You're going to need the CO2 tank.
First, when you first keg the beer, you'll need to "purge" the oxygen from the headspace of the keg and replace it with CO2 to prevent your beer from oxidizing.
Secondly, you'll need to pressurize the headspace in the keg to ensure the lid holds a firm seal until the yeast produce enough of their own CO2 to carbonate the beer. If you seal the keg up with no pressure initially, the yeast will go to work on the priming sugar, and will start to produce CO2. However, initially the pressure will be very low; so low that it might leak out the seals of the keg if there are any gaps, never actually carbonating the beer. By pressurizing the keg initially with some CO2 from a tank, this "seats" the lid and seals and ensures that any CO2 produced by the yeast consuming the priming sugar remains in the beer, rather than venting out through poorly-seated seals.

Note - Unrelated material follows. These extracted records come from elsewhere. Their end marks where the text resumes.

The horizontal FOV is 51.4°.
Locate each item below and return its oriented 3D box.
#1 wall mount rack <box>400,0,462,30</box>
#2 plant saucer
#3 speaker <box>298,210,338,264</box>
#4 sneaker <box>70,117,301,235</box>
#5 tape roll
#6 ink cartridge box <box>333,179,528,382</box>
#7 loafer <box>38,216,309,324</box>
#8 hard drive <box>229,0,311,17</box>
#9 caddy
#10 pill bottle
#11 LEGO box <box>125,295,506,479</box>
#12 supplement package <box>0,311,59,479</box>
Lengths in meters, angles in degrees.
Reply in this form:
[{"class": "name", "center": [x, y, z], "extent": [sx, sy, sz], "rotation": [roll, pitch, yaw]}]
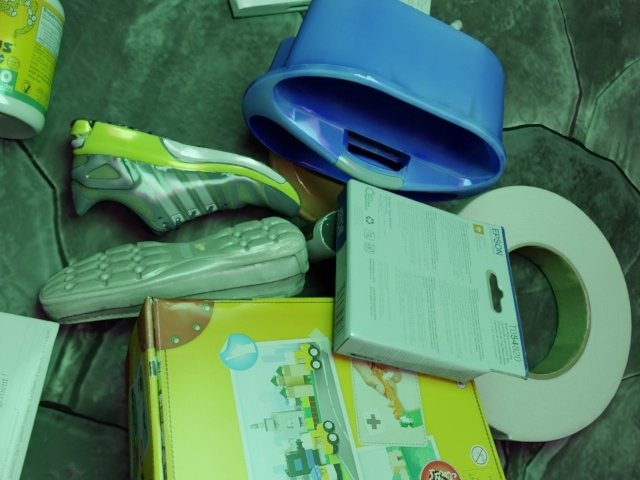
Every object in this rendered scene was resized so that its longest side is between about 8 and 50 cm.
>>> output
[{"class": "wall mount rack", "center": [0.122, -0.385, 0.952], "extent": [0.304, 0.130, 0.350], "rotation": [-13, 125, -22]}, {"class": "plant saucer", "center": [0.025, -0.116, 0.962], "extent": [0.200, 0.037, 0.199], "rotation": [4, 79, -23]}, {"class": "speaker", "center": [0.000, 0.000, 0.876], "extent": [0.055, 0.136, 0.055], "rotation": [4, 80, -22]}, {"class": "sneaker", "center": [-0.171, -0.061, 0.844], "extent": [0.300, 0.111, 0.121], "rotation": [12, 90, -18]}, {"class": "tape roll", "center": [0.314, 0.110, 1.029], "extent": [0.392, 0.072, 0.391], "rotation": [5, 79, -23]}, {"class": "ink cartridge box", "center": [0.125, 0.051, 0.780], "extent": [0.224, 0.045, 0.223], "rotation": [16, 50, -16]}, {"class": "loafer", "center": [-0.168, 0.058, 0.809], "extent": [0.320, 0.112, 0.111], "rotation": [-10, 119, -12]}, {"class": "hard drive", "center": [-0.074, -0.490, 0.981], "extent": [0.203, 0.040, 0.307], "rotation": [-16, 87, -25]}, {"class": "caddy", "center": [0.074, -0.153, 0.838], "extent": [0.341, 0.241, 0.179], "rotation": [19, 69, -19]}, {"class": "pill bottle", "center": [-0.365, -0.234, 0.770], "extent": [0.118, 0.117, 0.208], "rotation": [11, 77, -21]}, {"class": "LEGO box", "center": [0.003, 0.317, 0.698], "extent": [0.373, 0.193, 0.500], "rotation": [2, 57, -23]}, {"class": "supplement package", "center": [-0.389, 0.170, 0.648], "extent": [0.203, 0.149, 0.194], "rotation": [14, 59, -21]}]
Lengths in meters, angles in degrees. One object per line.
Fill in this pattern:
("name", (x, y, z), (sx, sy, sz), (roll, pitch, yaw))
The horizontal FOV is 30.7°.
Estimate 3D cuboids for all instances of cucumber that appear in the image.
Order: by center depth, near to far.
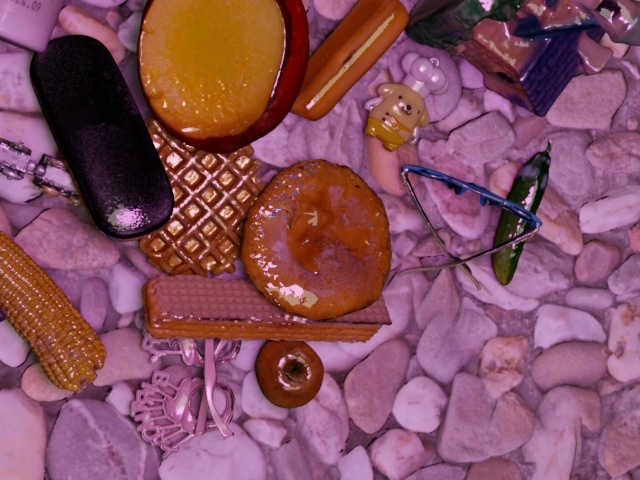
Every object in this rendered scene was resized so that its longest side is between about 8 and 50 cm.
("cucumber", (0.326, -0.049, 1.903), (0.056, 0.056, 0.250), (18, 93, -16))

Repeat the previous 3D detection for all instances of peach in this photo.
("peach", (-0.127, -0.255, 1.664), (0.245, 0.248, 0.275), (13, 82, -53))

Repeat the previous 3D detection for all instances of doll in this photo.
("doll", (0.135, -0.219, 1.827), (0.106, 0.062, 0.162), (35, 86, -20))

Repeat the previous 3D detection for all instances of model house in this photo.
("model house", (0.327, -0.332, 1.736), (0.280, 0.312, 0.245), (37, 84, -13))

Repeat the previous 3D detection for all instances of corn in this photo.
("corn", (-0.426, 0.095, 1.709), (0.101, 0.101, 0.292), (-40, 101, -6))

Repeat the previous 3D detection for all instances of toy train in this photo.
("toy train", (-0.417, -0.105, 1.695), (0.202, 0.081, 0.060), (22, 92, -23))

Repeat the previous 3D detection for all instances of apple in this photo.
("apple", (-0.053, 0.206, 1.815), (0.114, 0.102, 0.099), (46, 72, -7))

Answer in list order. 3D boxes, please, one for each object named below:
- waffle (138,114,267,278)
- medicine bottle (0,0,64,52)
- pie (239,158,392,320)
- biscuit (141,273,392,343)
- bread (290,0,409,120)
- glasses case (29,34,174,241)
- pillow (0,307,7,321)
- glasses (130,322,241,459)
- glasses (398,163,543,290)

Finally, you'll need CO2 to push the beer out the serving lines. You could use a hand pump, but you'd be introducing oxygen into your keg and would oxidize your beer over time. If you plan on drinking the entire keg in one night (like for a party), then that might be good enough. But there's really no good substitute for using CO2 to serve your beer. If cost is an issue, you can use a smaller, paintball-gun-style CO2 tank for serving the beer.